GenomeAssembler is a program for de novo genome assembly program. It uses De Bruijn Graph approach to merge intersecting short genome sequencing reads into longer sequences (contigs).
The method was inpsired by Velvet algorithm (Zerbino et al.). First step is to represent reads as a graph of lenght k sequences, where nodes connected by an edge overlap by k - 1 nucleotides.
Then the graph undergoes simplification process, i.e. linear connected subgraphs are merged.
Short chains of nodes disconnected on one end, called "tips", are predominantly result of sequencing errors and are removed in next step.
The original algorithm's essential part is removal of redundant paths - starting and ending at the same node and containing similar sequences. This feature is part of a roadmap and is not implemented yet.
After all, abiguous connections that failed to resolve in previous steps are removed based on coverage cutoff. Sequences corresponding to subgraphs with minimum length of 300bp are returned.
Initially an error correction approach based on k-mer frequency was considered.
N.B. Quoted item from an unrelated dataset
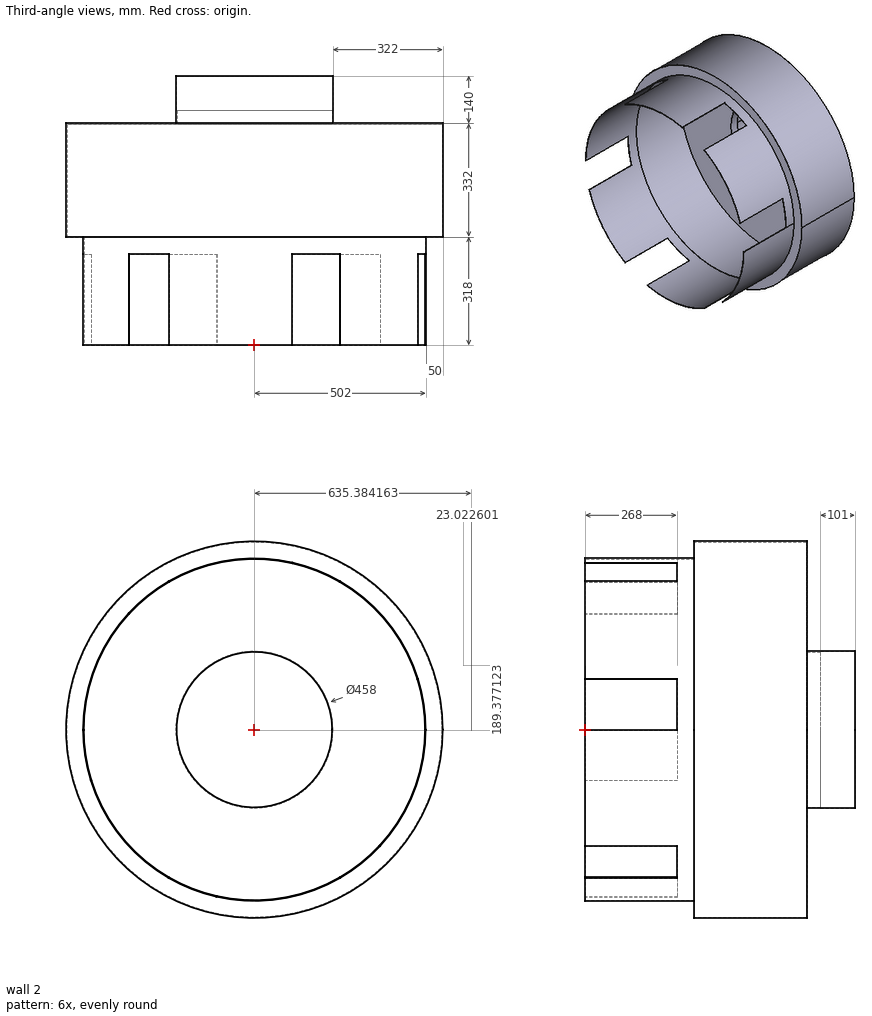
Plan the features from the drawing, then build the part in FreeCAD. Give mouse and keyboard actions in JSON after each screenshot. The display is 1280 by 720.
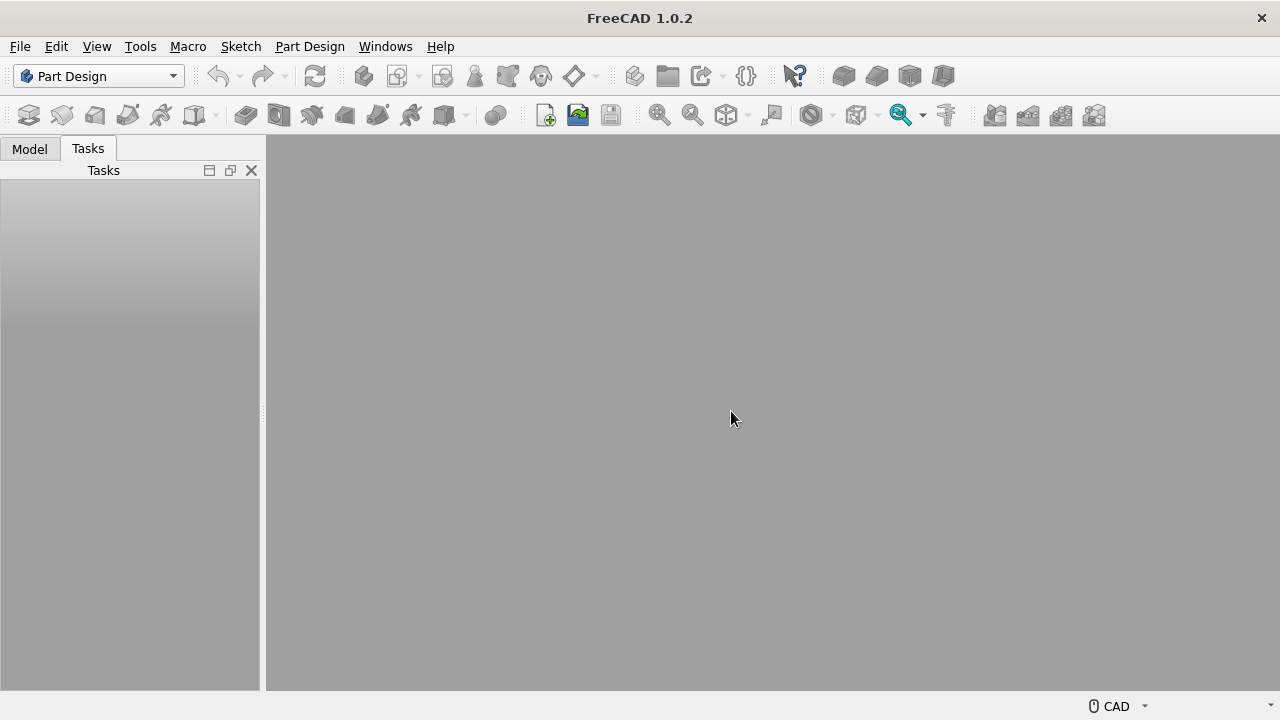
{"action": "key", "text": "ctrl+n"}

However it has turned out to yield inappropriate results and was disabled.
Building from source requires .Net Core SDK >= 2.2
git clone https://github.com/mikoar/GenomeAssembler
cd GenomeAssembler
dotnet publish Assembly/Assembly.csproj -c Release -o <output-dir>
assembly [arguments] [options]
Arguments:
reads fasta file with reads
contigs contigs output fasta file
Options:
--version Show version information
-?|-h|--help Show help information
-d|--dot <DOT_FILE_PATH> output graph to dot file
-k|--k <K> Mer length, default is 19
This software is distributed under WTFPL license.